Some in The Times’ Baghdad Bureau sardonically suggested to me that after five years of violence in Iraq, they are unmoved by the suffering of the Palestinians.
Our own Richard Boudreaux, bureau chief in Jersusalem and former boss of our Baghdad office, described the scale of the Israeli offensive in Sunday’s Times:
Hundreds of Israeli armored and infantry soldiers crossed into northern Gaza before dawn Saturday, advanced several miles on militant strongholds in Beit Hanoun and Jabaliya, and dug in for what was expected to be several days of fighting.

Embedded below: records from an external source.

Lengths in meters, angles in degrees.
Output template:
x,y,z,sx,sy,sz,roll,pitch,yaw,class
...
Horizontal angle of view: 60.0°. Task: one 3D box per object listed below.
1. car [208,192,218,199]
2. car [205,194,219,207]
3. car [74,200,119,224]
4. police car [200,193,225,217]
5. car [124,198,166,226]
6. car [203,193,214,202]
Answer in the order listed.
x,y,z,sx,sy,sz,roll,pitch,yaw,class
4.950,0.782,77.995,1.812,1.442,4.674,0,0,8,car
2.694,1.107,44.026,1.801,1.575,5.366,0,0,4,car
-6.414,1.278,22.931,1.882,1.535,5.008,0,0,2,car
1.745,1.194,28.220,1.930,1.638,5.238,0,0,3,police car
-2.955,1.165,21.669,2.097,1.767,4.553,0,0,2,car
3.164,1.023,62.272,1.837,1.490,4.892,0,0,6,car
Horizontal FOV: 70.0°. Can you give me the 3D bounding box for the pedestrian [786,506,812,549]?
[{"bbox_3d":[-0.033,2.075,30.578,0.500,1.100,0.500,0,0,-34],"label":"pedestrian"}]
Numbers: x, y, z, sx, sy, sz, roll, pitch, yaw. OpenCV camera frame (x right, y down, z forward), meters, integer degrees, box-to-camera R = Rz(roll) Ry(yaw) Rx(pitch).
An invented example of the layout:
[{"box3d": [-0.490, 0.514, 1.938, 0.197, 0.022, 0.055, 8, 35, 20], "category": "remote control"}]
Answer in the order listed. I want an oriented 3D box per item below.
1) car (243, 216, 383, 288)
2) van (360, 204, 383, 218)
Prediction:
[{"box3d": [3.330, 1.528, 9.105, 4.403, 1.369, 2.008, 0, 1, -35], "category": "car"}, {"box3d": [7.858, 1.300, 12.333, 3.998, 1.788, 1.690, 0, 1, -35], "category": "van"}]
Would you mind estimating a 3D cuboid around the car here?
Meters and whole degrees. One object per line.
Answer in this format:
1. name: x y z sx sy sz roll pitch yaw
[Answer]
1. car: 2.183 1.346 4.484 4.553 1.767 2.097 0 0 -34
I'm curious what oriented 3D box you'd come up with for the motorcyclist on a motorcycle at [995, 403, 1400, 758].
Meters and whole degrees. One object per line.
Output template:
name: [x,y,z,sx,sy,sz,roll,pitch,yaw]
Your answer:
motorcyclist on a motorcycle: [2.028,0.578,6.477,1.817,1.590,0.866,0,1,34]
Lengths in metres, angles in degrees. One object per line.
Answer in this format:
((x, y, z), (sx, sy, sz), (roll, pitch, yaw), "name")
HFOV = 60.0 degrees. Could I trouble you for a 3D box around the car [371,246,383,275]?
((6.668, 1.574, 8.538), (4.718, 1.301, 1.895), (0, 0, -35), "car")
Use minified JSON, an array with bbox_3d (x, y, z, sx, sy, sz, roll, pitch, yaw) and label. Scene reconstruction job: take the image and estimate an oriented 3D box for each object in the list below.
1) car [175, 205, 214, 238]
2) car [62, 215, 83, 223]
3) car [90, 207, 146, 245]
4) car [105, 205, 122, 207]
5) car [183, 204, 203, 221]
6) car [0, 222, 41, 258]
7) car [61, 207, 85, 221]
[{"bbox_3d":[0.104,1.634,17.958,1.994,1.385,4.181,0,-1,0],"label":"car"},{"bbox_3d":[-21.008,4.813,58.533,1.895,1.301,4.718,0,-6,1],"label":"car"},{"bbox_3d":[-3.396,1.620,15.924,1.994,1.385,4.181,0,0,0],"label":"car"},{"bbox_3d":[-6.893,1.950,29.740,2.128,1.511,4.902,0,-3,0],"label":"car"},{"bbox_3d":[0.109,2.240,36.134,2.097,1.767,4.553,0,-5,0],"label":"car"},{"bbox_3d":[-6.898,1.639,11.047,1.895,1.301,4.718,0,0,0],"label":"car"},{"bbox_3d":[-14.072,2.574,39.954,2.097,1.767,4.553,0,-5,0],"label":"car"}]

They targeted sites they said were rocket factories and bunkers manned by launch crews. An airstrike destroyed a truck carrying 160 rockets, the army said. After dark, Israeli warplanes killed seven members of the Hamas-led police force in southern Gaza, two in a car in Khan Yunis and five in a mosque being used at night as a police barracks in Rafah. Three missiles fired from the air early today destroyed the Gaza City building housing Hamas leader Ismail Haniyeh’s offices, which were vacant at the time.
Ashraf Khalil, a former Baghdad staffer (and fellow Chicagoan) who is the latest addition to the Jerusalem Bureau, also reported about a new controversy that erupted after an Israeli official warned Gazans in the harshest of terms:
By allowing constant rocket barrages from Gaza on nearby Israeli cities, the Palestinians, [Israeli Deputy Defense Minister Matan] Vilnai said, were ‘bringing upon themselves a greater shoah because we will use all our strength in every way we deem appropriate, whether in airstrikes or on the ground.’
Shoah is often translated as Holocaust, but can also mean disaster.
The Times’ Op-Ed section includes a provocative piece by Yossi Klein Halevi describing Israeli’s growing lack of compassion for the plight of Palestinians.
...today the guilty Israeli has become nearly extinct. Just as we came to realize during the first intifada that the occupation was untenable, so we have now come to realize that peace is impossible with Palestinian leaders for whom reconciliation is a one-way process.